• [Input material]
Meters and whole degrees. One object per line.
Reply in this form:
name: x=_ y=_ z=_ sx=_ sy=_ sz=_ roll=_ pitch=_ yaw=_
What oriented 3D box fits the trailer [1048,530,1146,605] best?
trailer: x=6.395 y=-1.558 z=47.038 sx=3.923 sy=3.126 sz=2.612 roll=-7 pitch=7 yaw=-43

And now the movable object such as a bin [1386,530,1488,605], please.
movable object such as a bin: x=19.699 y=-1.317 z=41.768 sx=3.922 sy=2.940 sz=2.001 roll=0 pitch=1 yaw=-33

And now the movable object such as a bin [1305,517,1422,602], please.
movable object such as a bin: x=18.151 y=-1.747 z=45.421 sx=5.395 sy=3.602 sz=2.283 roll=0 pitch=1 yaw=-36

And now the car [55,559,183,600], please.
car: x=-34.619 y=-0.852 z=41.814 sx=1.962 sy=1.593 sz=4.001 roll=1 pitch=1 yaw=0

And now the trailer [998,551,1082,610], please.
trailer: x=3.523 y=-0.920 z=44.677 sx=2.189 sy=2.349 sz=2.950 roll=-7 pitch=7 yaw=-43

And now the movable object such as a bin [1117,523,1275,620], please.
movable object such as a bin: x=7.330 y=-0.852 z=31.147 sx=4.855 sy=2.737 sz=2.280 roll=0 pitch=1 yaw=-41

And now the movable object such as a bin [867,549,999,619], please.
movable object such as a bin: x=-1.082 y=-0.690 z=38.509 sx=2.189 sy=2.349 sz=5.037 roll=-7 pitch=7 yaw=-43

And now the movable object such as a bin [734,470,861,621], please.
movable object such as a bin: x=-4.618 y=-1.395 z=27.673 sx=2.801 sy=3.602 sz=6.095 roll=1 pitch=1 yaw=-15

==

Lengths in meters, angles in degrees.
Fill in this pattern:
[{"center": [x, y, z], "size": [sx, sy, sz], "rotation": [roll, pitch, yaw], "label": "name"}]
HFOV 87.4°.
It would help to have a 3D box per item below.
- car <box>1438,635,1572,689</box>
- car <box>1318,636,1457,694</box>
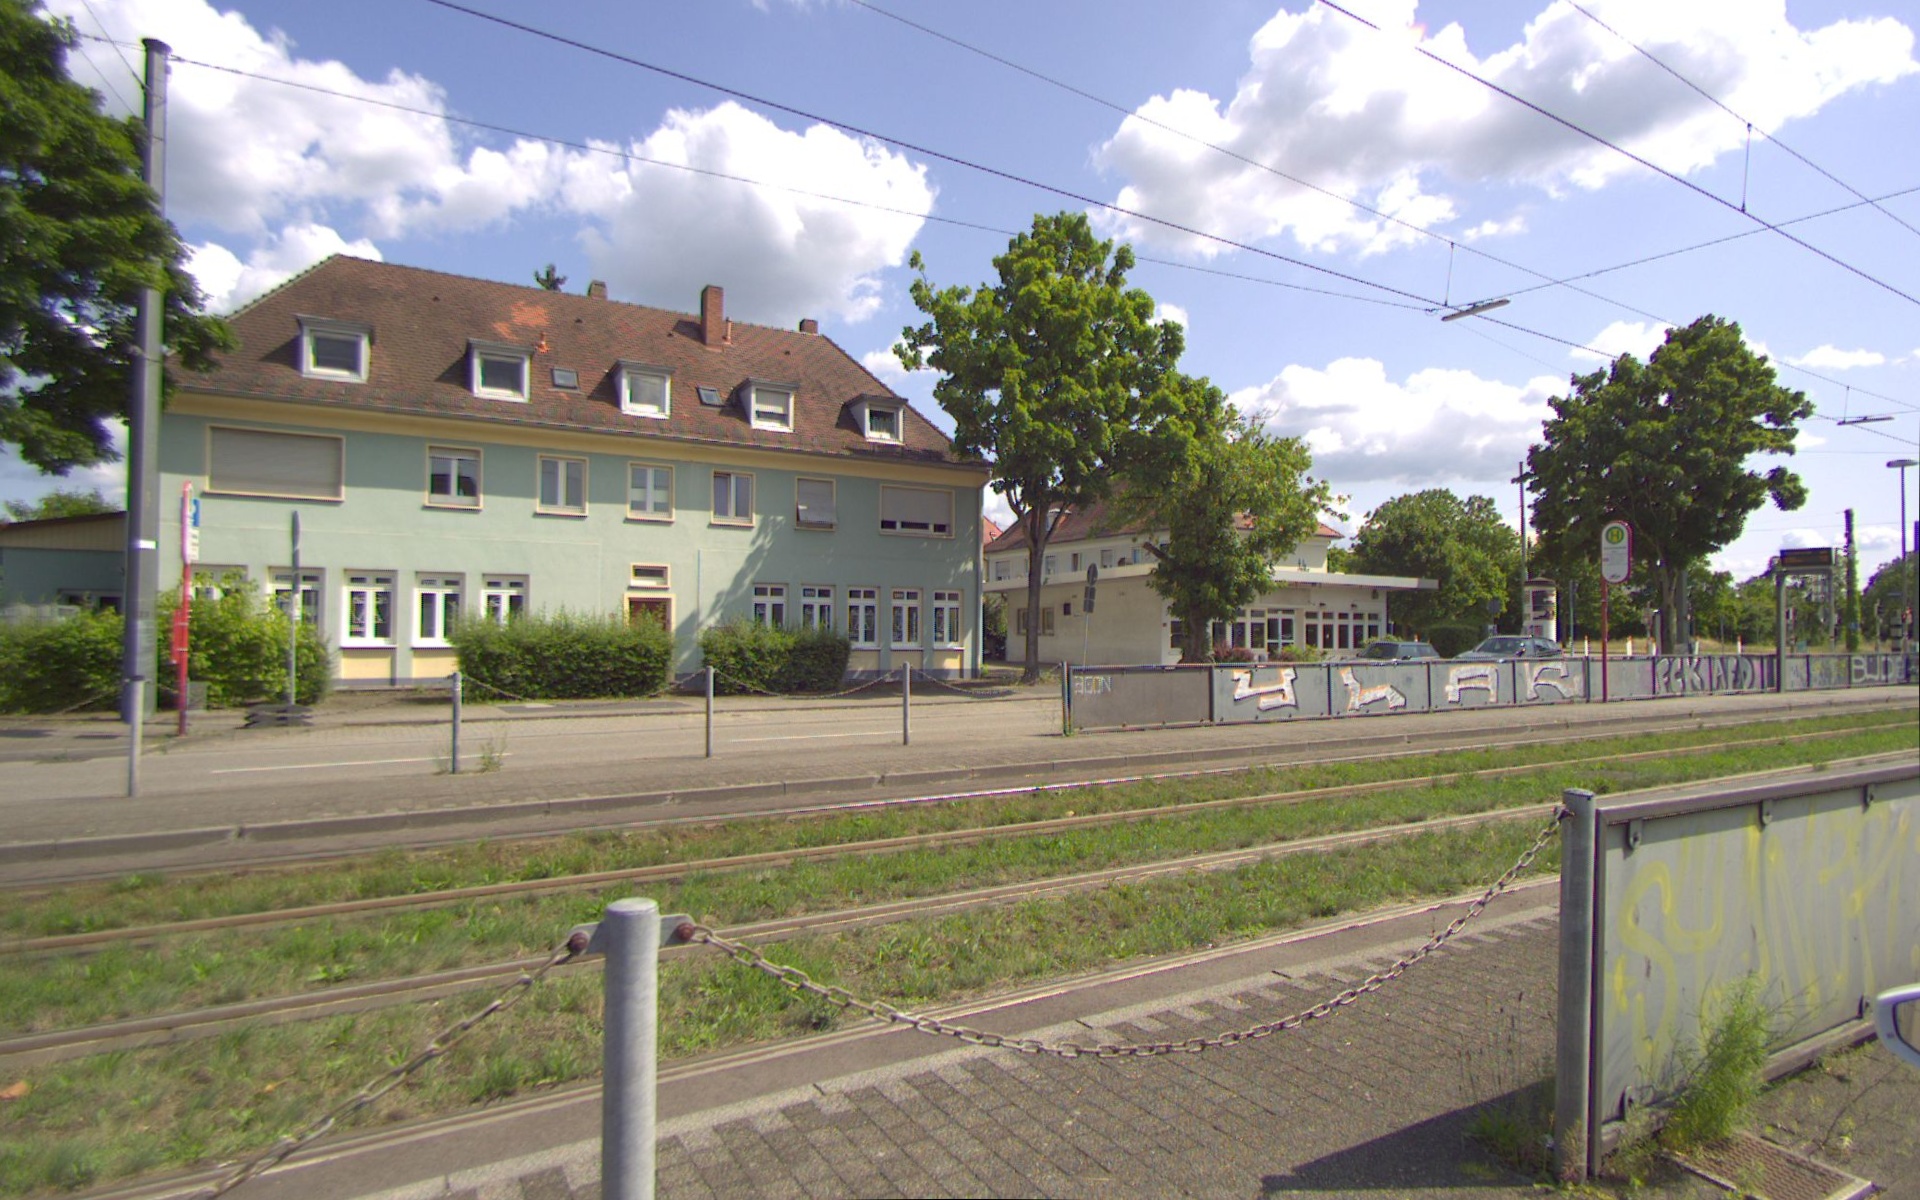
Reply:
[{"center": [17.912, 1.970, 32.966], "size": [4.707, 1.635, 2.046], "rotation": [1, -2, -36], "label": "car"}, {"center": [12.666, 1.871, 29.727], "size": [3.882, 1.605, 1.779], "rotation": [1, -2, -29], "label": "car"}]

...

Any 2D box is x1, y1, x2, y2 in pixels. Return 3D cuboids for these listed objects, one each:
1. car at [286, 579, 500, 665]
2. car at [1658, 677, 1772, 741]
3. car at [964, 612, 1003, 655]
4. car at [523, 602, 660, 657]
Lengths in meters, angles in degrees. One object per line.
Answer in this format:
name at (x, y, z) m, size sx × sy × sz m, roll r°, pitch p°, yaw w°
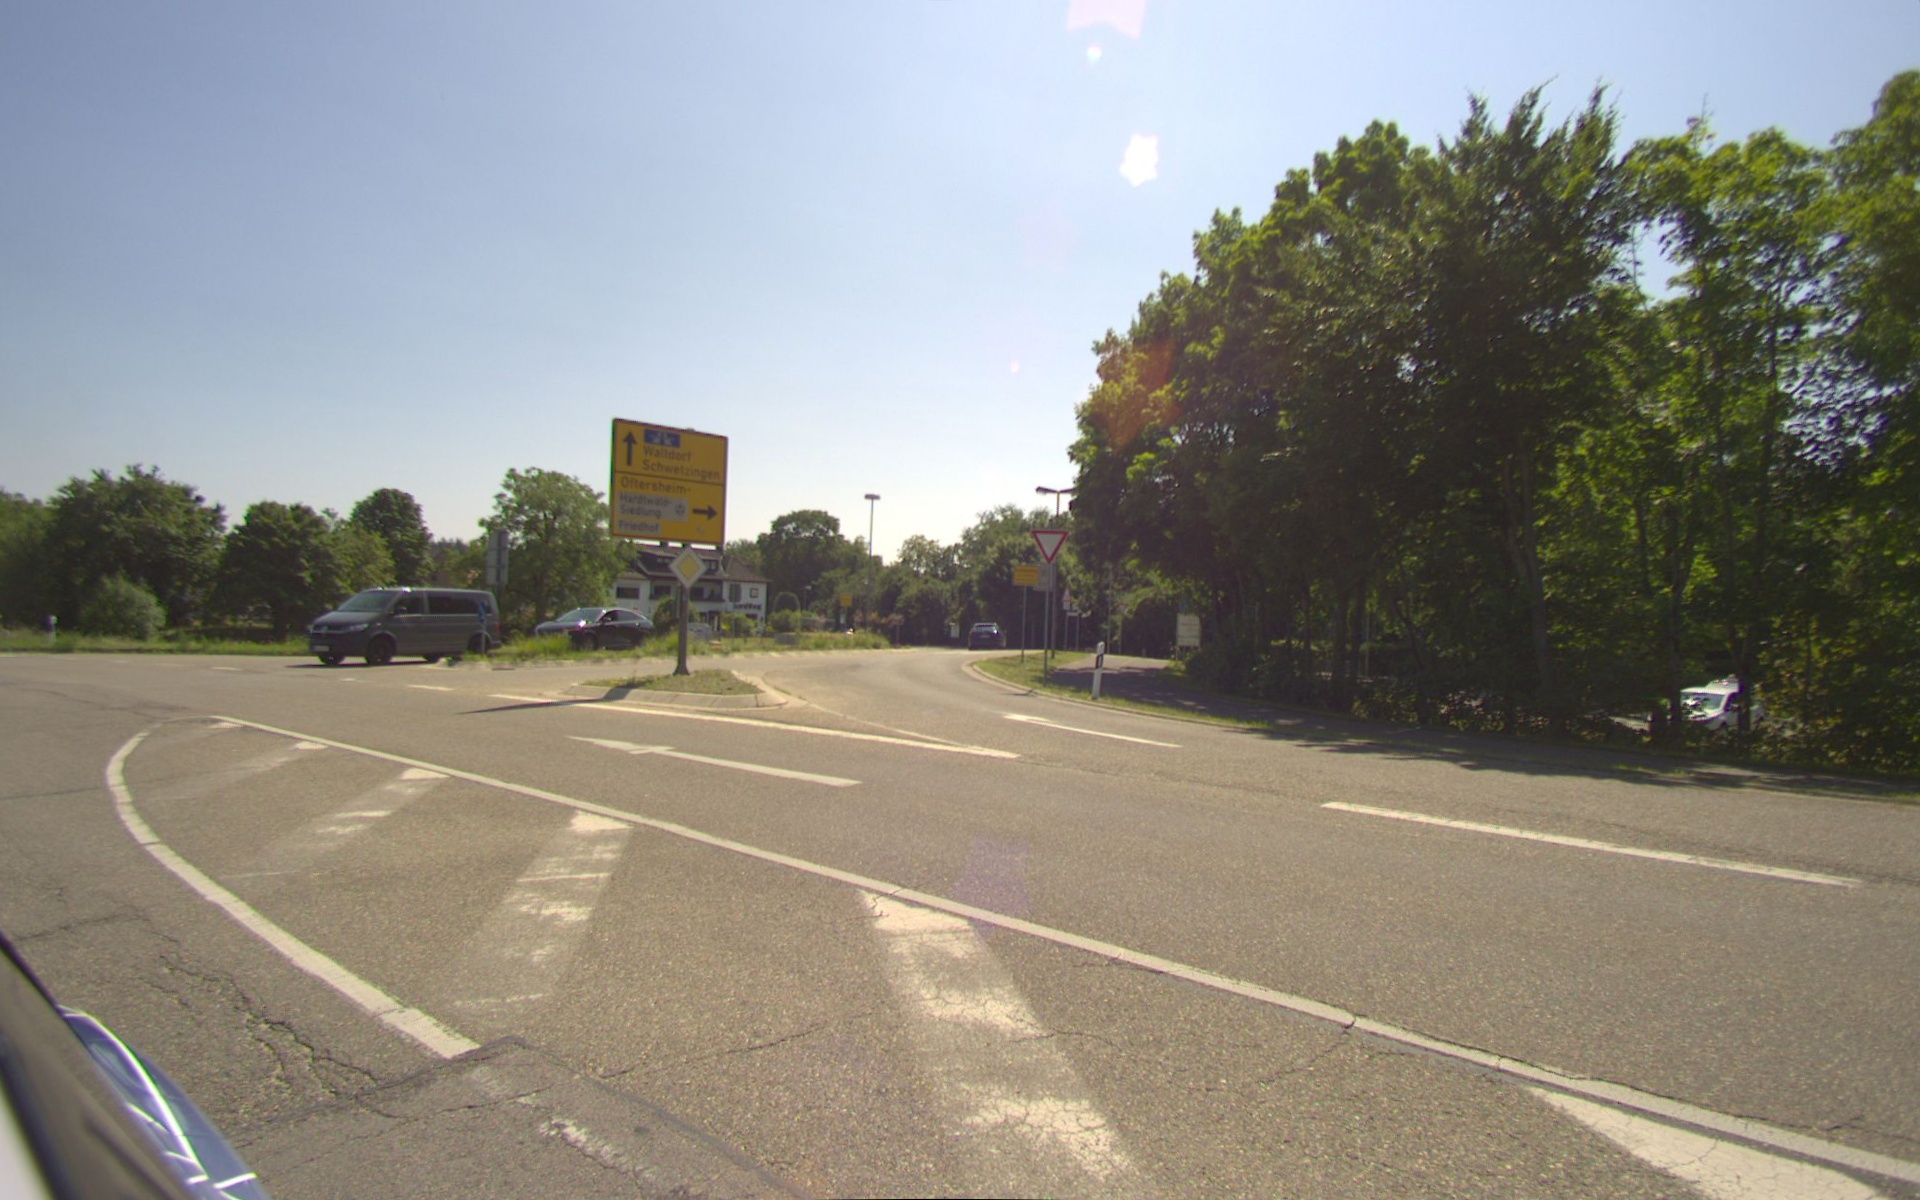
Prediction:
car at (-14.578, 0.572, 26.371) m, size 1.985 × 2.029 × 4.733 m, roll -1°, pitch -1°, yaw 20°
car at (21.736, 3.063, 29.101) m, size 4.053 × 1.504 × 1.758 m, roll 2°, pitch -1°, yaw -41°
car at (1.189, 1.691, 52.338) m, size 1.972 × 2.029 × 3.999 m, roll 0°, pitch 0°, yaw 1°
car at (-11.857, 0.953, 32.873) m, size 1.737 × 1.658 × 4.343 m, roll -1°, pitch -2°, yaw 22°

• [Problem details]
Find the line with "3. car at [964, 612, 1003, 655]" in the entries above. Retype it and each line after it, exactly, through the line with "name at (x, y, z)", and stop there.

• [Problem solution]
3. car at [964, 612, 1003, 655]
4. car at [523, 602, 660, 657]
Lengths in meters, angles in degrees. One object per line.
Answer in this format:
name at (x, y, z) m, size sx × sy × sz m, roll r°, pitch p°, yaw w°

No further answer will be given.